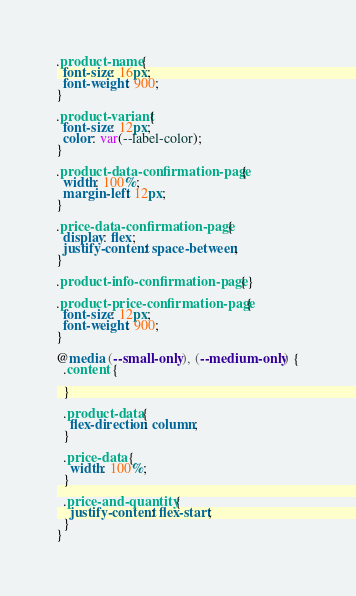<code> <loc_0><loc_0><loc_500><loc_500><_CSS_>.product-name {
  font-size: 16px;
  font-weight: 900;
}

.product-variant {
  font-size: 12px;
  color: var(--label-color);
}

.product-data-confirmation-page {
  width: 100%;
  margin-left: 12px;
}

.price-data-confirmation-page {
  display: flex;
  justify-content: space-between;
}

.product-info-confirmation-page {}

.product-price-confirmation-page {
  font-size: 12px;
  font-weight: 900;
}

@media (--small-only), (--medium-only) {
  .content {

  }

  .product-data {
    flex-direction: column;
  }

  .price-data {
    width: 100%;
  }

  .price-and-quantity {
    justify-content: flex-start;
  }
}
</code>

━━━━━━━━━━━━━━━━

## Task to carry out
Look through the entries. Copy out each line with "content" in it.

## Answer section
  justify-content: space-between;
  .content {
    justify-content: flex-start;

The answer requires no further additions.